So I say again - the two need to be separated so that is clear that the feedback is there purely to help you, and the mark has been calculated by more standardised means; but standardised means that can be applied to other assessments yet not be so generic and vague that they mean nothing to the brief of the work. And that means taking a step back and looking at what skill the assessment is looking to have the student put into practice. Is it an essay (and even then, is it a true essay or a case study or a report or a critical evaluation of something? Essays are notoriously vague and wonderfully diverse)? Is it a lab report, is it a paper, is it a presentation (and then it is visual, or live, or a debate?), is it an analysis of something (which then risks falling back into essay territory if you aren't clear what they are analysing)? This is something that I tried several years ago in order to combat this very problem, as well as design out the frustrating levels of subjectivity I was seeing from academic to academic on a particular assignment when the whole team was marking a batch of submissions on the same thing (the brief was deliberately open enough for the students that our individual specialties within the module weren't necessary to "get" the content being presented). Here's what I did:

I took the, what was at the time, approved faculty marking criteria. This was criteria that wasn't terrible as criteria go, largely because it was at least distinct to a particular level of study, it was tailored to be different in what it said for each grade boundary, and it was based, in the main, on a simple medium to long length generic essay. It risked straying into the "too generic" category but I could work with it.
As I mentioned, this marking criteria was fairly generic. Each boundary had a paragraph (that we could add to for some specificity but could not alter or omit) that talked in vague statements about what would and wouldn't be present. Four or five lines that said things like "Reasoning and argument generally relevant but could be further developed," which in themselves might be useful, but when shoved in among "appropriately referenced" or "Ability to relate theory and concepts to discussion" just made it intangible as an aid to the reader after the fact. Plus it was more for us than the students and therefore they would have to deduce which of those fragmented phrases applied to which bit of their work such that they might know where they landed. So I started by turning those paragraphs into more distinct sentences.
As I did so, I realised three things. Firstly, they, with some serious re-wording, began to sound like categories of things one might expect (part of the original design I'm sure). Secondly (and making me question the likelihood of my previous parentheses bookended statement), they seemed not to always build on one another as the boundaries went up - there was no obvious increase in expectation to justify the reward.

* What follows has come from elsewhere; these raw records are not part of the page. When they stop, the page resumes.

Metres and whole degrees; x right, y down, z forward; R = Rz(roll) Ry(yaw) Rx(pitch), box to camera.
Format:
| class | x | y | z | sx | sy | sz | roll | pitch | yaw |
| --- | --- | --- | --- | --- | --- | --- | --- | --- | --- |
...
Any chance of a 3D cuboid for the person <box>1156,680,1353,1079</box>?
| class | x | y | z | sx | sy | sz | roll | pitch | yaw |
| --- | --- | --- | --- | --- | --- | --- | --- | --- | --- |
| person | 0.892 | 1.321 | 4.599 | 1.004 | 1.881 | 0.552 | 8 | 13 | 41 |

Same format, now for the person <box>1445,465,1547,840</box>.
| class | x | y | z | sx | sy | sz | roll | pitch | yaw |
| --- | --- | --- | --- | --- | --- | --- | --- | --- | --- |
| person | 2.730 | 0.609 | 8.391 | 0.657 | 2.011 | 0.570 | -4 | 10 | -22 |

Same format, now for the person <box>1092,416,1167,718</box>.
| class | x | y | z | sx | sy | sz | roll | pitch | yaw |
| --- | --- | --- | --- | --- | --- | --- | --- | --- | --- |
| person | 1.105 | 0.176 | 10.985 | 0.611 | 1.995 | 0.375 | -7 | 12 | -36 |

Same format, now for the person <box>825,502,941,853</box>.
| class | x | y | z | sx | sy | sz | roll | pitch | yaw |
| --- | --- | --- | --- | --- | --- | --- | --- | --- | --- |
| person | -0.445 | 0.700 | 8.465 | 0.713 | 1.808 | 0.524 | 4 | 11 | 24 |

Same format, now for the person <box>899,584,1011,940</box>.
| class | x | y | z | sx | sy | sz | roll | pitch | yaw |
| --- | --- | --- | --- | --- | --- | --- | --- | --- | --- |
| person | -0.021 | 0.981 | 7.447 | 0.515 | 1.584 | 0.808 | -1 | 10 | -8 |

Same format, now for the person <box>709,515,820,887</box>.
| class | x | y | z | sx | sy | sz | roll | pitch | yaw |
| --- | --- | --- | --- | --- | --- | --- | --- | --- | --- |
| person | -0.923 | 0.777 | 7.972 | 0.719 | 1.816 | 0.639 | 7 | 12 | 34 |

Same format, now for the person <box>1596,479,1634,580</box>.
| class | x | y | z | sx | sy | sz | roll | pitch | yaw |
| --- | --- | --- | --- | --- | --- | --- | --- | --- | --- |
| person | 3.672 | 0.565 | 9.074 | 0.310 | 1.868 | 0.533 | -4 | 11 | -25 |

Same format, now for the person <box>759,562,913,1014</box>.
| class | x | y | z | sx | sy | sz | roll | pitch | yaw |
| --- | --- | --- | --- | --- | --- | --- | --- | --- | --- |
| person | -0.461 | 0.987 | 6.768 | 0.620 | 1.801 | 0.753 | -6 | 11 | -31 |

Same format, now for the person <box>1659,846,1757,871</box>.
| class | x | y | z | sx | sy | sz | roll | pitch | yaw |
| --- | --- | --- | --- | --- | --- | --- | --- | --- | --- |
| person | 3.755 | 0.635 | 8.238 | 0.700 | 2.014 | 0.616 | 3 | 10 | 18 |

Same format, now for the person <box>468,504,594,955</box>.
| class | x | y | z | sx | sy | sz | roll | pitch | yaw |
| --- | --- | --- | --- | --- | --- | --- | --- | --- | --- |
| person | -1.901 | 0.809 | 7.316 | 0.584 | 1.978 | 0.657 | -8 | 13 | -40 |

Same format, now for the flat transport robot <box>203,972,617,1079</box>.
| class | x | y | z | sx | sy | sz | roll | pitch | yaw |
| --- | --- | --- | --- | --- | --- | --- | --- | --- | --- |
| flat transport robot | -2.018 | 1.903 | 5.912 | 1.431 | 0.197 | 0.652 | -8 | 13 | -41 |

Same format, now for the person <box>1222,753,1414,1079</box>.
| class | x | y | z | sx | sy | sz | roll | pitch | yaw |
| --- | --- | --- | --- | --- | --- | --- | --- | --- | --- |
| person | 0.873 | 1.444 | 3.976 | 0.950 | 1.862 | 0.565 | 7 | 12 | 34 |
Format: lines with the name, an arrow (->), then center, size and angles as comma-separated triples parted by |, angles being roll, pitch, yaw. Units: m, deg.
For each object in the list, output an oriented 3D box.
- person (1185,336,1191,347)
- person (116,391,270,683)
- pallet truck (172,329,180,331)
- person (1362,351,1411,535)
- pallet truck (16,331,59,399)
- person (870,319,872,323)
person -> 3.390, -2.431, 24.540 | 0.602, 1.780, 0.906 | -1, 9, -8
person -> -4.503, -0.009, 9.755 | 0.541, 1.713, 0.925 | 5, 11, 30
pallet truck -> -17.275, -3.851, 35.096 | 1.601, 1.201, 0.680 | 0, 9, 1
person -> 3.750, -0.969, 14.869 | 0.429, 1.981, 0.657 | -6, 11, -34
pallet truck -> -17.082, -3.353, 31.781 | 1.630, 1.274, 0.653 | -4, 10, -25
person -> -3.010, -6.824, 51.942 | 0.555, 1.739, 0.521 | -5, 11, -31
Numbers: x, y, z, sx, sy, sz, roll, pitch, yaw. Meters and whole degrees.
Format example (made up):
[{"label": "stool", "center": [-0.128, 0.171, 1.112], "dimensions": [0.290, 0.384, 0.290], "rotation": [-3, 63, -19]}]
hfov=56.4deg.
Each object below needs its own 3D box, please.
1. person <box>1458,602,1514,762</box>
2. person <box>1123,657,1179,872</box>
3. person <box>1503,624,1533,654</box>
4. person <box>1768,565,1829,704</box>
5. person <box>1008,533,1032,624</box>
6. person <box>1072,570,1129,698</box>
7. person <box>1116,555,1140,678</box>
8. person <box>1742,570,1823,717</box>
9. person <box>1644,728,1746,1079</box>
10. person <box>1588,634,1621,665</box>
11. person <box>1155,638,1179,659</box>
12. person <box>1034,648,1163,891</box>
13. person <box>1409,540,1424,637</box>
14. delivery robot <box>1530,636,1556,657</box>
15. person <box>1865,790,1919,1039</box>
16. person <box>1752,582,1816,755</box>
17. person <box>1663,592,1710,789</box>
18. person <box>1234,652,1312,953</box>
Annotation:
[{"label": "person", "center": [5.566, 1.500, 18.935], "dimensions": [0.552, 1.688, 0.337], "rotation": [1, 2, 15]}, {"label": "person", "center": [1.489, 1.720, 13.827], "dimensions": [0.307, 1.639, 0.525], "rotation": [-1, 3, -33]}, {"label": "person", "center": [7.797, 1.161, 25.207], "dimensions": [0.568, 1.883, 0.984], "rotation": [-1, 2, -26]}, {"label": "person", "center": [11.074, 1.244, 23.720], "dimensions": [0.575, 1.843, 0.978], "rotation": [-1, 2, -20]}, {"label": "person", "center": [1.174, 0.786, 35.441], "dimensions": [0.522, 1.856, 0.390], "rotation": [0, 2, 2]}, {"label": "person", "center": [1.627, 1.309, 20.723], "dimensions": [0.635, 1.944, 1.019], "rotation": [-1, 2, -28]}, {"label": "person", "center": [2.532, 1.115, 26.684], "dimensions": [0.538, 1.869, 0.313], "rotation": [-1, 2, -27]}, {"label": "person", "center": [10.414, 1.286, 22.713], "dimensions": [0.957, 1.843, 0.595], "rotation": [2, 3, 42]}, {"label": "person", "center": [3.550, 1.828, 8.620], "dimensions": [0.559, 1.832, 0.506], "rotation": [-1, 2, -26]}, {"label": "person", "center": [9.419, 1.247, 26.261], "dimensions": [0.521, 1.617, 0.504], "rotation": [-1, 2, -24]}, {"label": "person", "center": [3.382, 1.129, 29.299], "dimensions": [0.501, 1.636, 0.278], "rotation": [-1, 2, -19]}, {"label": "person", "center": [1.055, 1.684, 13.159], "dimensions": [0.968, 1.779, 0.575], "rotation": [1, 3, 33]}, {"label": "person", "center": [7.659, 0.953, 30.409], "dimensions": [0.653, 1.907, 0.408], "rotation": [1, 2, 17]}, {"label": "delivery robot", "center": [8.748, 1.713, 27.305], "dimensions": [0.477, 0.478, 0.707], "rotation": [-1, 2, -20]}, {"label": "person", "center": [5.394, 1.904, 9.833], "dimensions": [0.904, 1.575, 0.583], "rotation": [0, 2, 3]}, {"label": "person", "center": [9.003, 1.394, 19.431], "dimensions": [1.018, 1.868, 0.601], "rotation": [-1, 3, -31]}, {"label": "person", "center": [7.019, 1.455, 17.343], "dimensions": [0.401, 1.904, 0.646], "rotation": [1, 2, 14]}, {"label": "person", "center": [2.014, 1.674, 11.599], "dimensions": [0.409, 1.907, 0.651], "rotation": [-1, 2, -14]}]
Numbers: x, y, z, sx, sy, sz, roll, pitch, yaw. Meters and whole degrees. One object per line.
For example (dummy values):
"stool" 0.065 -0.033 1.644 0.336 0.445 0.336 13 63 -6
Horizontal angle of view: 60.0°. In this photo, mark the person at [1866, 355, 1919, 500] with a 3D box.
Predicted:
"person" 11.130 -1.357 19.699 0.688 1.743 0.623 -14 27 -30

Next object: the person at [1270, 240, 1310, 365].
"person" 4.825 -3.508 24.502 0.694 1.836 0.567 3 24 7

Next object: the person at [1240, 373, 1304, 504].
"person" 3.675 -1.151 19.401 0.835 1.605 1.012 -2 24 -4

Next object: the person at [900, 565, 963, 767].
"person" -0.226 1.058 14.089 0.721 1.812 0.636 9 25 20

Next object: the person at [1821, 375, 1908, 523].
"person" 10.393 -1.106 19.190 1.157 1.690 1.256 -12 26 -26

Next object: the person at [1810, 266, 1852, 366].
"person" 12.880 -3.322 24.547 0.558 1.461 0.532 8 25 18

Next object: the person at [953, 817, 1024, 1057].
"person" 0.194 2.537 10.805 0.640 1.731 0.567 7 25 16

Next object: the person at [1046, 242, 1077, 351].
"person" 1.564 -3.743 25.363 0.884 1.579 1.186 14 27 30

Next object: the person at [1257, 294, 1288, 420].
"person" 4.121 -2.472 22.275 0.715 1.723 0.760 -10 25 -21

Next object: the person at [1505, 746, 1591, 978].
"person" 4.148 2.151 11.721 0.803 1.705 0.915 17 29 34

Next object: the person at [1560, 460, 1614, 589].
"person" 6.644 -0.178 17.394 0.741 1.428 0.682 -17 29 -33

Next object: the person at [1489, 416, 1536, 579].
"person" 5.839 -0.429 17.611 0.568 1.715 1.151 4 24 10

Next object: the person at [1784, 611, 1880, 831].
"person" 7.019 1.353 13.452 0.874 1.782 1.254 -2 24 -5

And thirdly, it became clear that it was unclear how the final mark would be reached as were those paragraphs saying the work needed to do everything they asked to get the top of that boundary, or was one mishap enough to deny that upper limit forever? Or was it pure guesswork and academic judgement based on little more than "kinda feels like a..."?
So I re-wrote them and re-ordered them so that each sentence I had extracted and edited now fed on from the boundary before and led towards the next boundary. In doing so the categories I had spied from a distance in step two began to coalesce into something I could work with. Things that the work, if a "traditional essay", might be expected to have no matter what the brief or the context. Things that a level three (FHEQ6) student might be expected to be able to achieve and to demonstrate. these were structure, knowledge, argument, evaluation, referencing. Referencing immediately turned to reading to give more wiggle room in assessment design (not every bloody piece of work, even in science, needs endless citations that were clearly unread but vaguely conformed to what you wanted to prove via a quick Google search).
A good buddy of mine, as I put these on the whiteboard in my office pointed out that they nearly formed a word when written in list format; an acrostic. But the K in "knowledge" was problematic. So we changed that to subject knowledge, reordered the list, and the following was born:

Argument

Reading

Subject Knowledge

Evaluation

Structure

It was good, but still just better organised and more meaningful descriptors of things to achieve. It needed the separation from the feedback. It need to be given back to the student! So I made it as simple as a calculation. I added a tickbox at the end of each category (each boundary now having a lower or higher expectation of that category). The idea being that you go over the work and provide your feedback (by whatever means is best - my audio feedback from my "Time is on my side" blog being one I prefer and wish my team could get to grips with the ease of), then tick the box for each category in the boundary you feel the work as whole maps to.
You now have five ticks, one for each category. Now unless the work is a dog's dinner, they should not be too spread out across the boundaries. The mark is then calculated by taking the boundary within which the most ticks sit (for sake of example here we'll go with two ticks in 50-59%) - that is the boundary where the maximum possible sits (60% if they had all five ticks in that boundary). From there it becomes a process of addition and subtraction. If you score a tick in the boundary above, that's 2% for having definitely hit the expectation of the starter boundary (because you've got a tick above that one) and a bonus 1% for having been one boundary above (and a bonus 2% if two boundaries above and so on). If you score a tick one below, that's a 1% deduction (and 2% deduction for two boundaries below as with bonuses).
So in this example, two ticks in 50-59, one tick in 40-49, one tick in 60-69, and one tick in 70-79. That's a starting point of 54 (bottom of 50-59 plus two ticks at 2% each), deduct 1% for the 40-49, add 3% for the 60-69, add 4% for the 70-79. Gives you a grand total of 60% (54-1+3+4).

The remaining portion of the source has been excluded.